I have not seen any good examples demonstrating the use of dask arrays with tensorflow. My particular use case is that I have a small-medium model that will train on a gpu worker, but I would like all cpu workers responsible for loading dask arrays into memory, probably applying simple ops, and sending to the single gpu machine. Training datasets are usually < 500gb and I am expecting < 5 epochs.
Why?
- I would like the gpu to be fully utilized by having the data loading and preprocessing be offloaded to non-gpu worker(s).
- I am able to fit the training op on a single gpu worker. Worst case, I select bigger gpus and increase the number of gpus per worker (limited to 8–I haven’t seen gpu nodes with more gpus than that). Basically, if I have a single gpu worker with (8) large gpus responsible for catching data processed on other workers and is primarily focused on model training, I should meet my training time requirements if the network can support the data transfer.
- If I need to scale to more than (8), than I will likely look into tf’s distributed strategy, parameter server approach, etc.
Background:
- We are deploying with helm on GKE
- No special networking options enabled
- I have tried to accomplish this with multiple worker groups and annotations, but I am failing to exceed .33gb/s transfer rate. (I’ll add some code in a bit)
Questions:
- Is this a reasonable task for dask?
- Is anyone doing this?

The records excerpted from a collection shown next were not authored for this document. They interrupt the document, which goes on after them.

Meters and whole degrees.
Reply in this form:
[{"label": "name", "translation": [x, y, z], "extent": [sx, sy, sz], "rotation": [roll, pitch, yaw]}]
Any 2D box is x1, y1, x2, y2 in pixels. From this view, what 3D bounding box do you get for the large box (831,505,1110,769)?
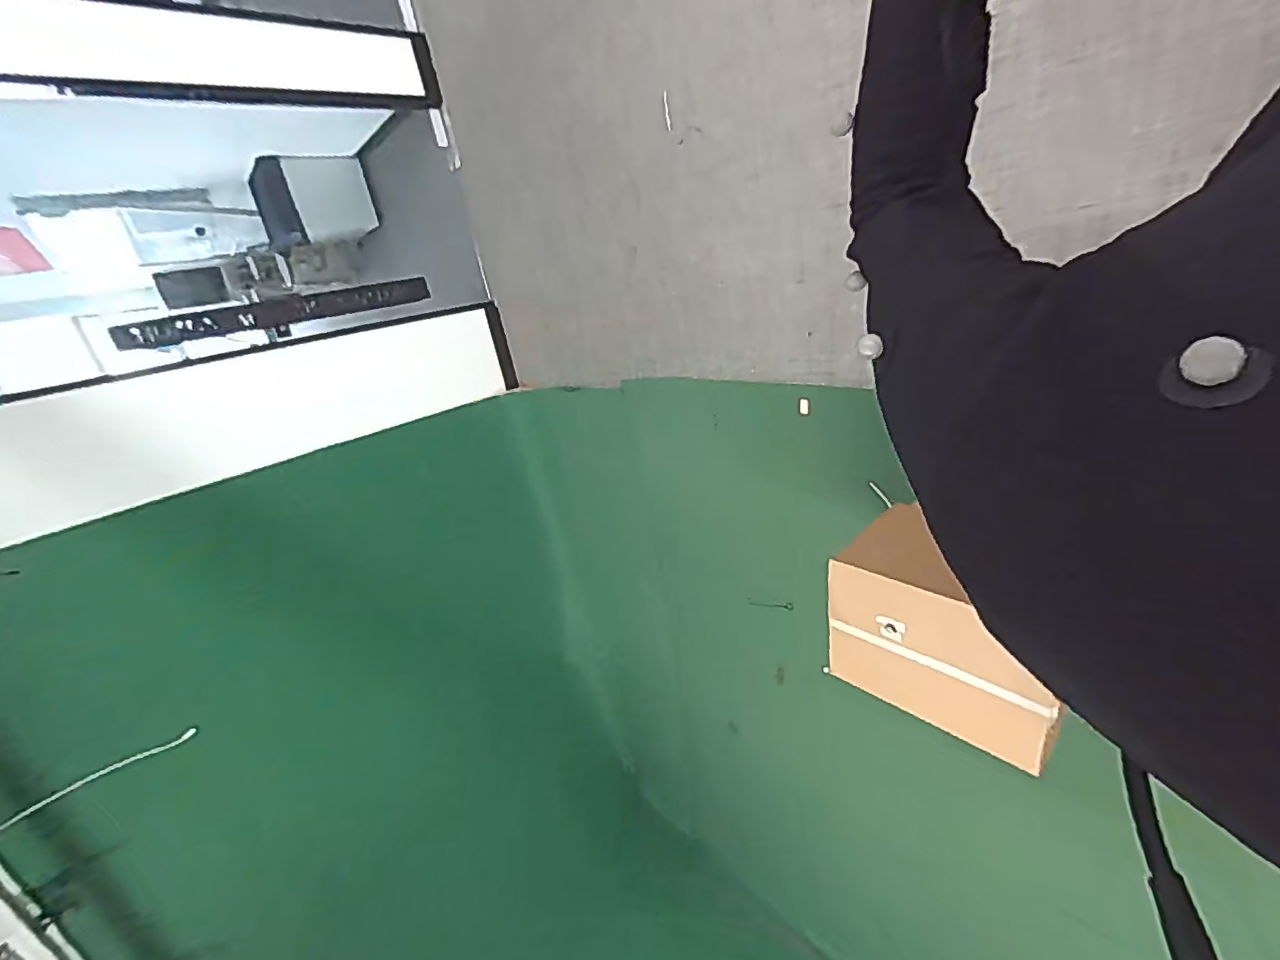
[{"label": "large box", "translation": [0.660, 0.283, 1.117], "extent": [0.408, 0.320, 0.320], "rotation": [17, 123, 47]}]
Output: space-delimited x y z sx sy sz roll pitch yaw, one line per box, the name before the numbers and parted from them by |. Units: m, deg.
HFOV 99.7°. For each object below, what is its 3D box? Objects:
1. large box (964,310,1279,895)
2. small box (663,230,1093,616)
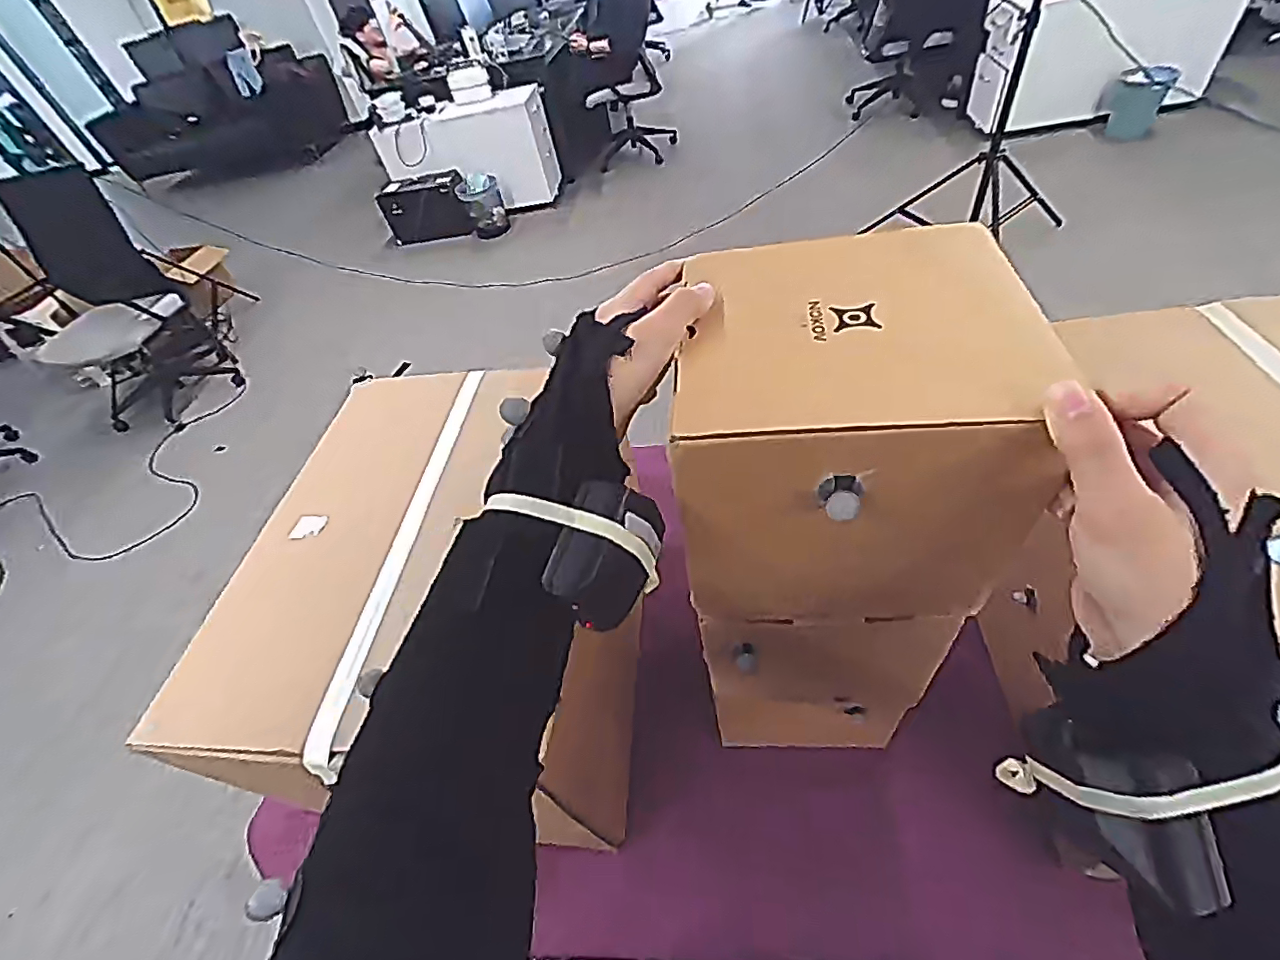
large box | 0.515 0.102 0.476 0.320 0.320 0.408 -3 47 10
small box | 0.117 -0.027 0.338 0.179 0.176 0.168 -2 49 12

I have a hard time believing I am the first to try this.
- Any rough guesses on the maximum data transfer rates from a group of workers to a single worker?
- Are there any recommended network optimizations to help speed up this data transfer?
- Is there any existing code that profiles data transfer between workers on separate nodes?
- would bypassing dask’s communication with a zmq-based protocol like GitHub - NVlabs/tensorcom help speed up data transfer?